The Internet of Things (IoT) refers to a network comprised of physical objects capable of gathering and sharing electronic information. The Internet of Things includes a wide variety of “smart” devices, from industrial machines that transmit data about the production process to sensors that track information about the human body. Often, these devices use internet protocol (IP), the same protocol that identifies computers over the world wide web and allows them to communicate with one another. The goal behind the internet of things is to have devices that self report in real time, improving efficiency and bringing important information to the surface more quickly than a system depending on human intervention.

Research Interests

  • Connectivity, Software

  • Security, Distributed systems

  • Cyber-physical systems, Pervasive computing

  • Embedded systems, Mobile computing

  • Artificial intelligence, Machine learning

Wireless Sensor Networks/Wireless Body Area Networks

The sensor nodes are deployed either inside the phenonenon or very close to it.
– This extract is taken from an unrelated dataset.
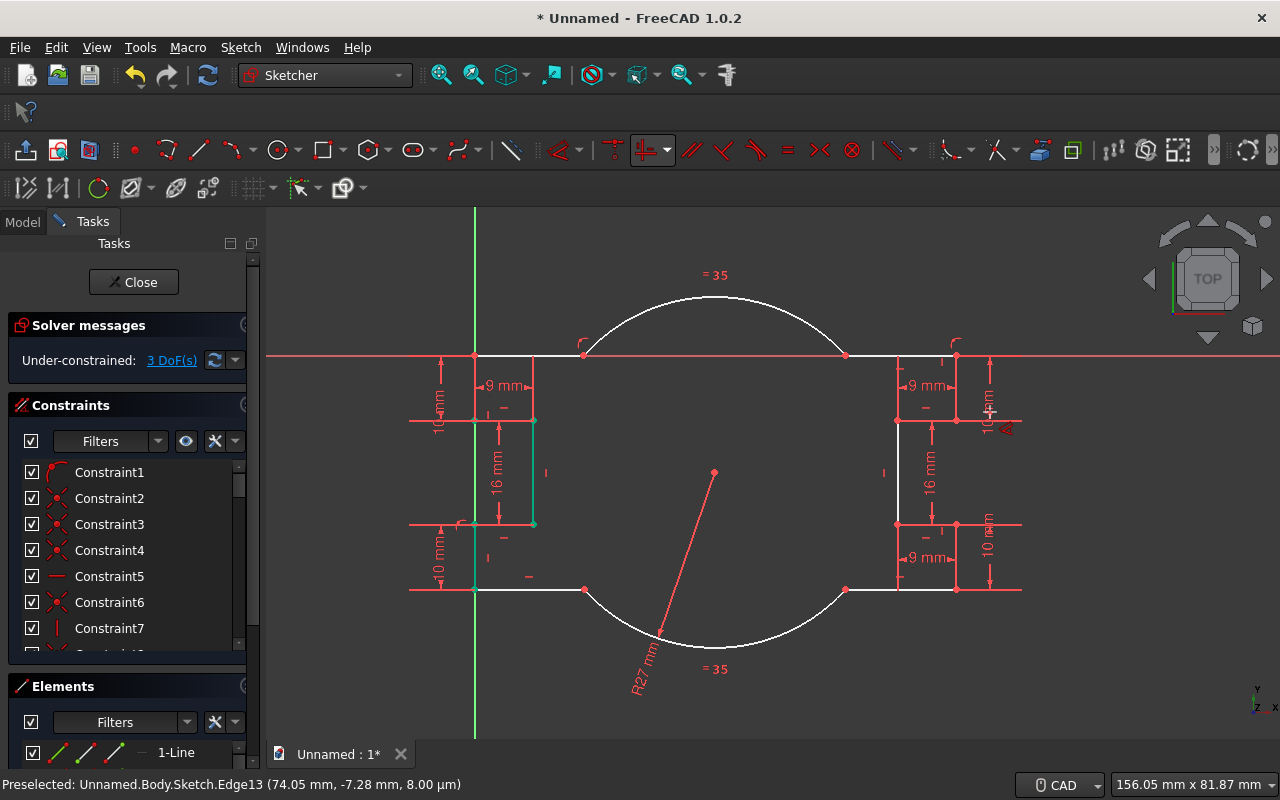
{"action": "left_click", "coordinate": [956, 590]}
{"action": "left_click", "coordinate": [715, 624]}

They may self-organize into clusters or collabrate together to complete a task that is issued by the users. In addition, the positions of these nodes do not nedd to be predefined. As a result, the sensor nodes are fit for many applications, e.g., location tracking and chemical detection in areas not easily accessible. Since sensing applications generates a large quantitiy of data, these data many be fused or aggregated together to lower energy consumption. The sensor nodes use their processing abilities to locally carry out simple computations and transmit only the required and partially processed data. In uses with intelligence and a better understanding of the environments. In the future, the wireless sensor networks many be an integral part of our lives, more so than the present-day personal computers.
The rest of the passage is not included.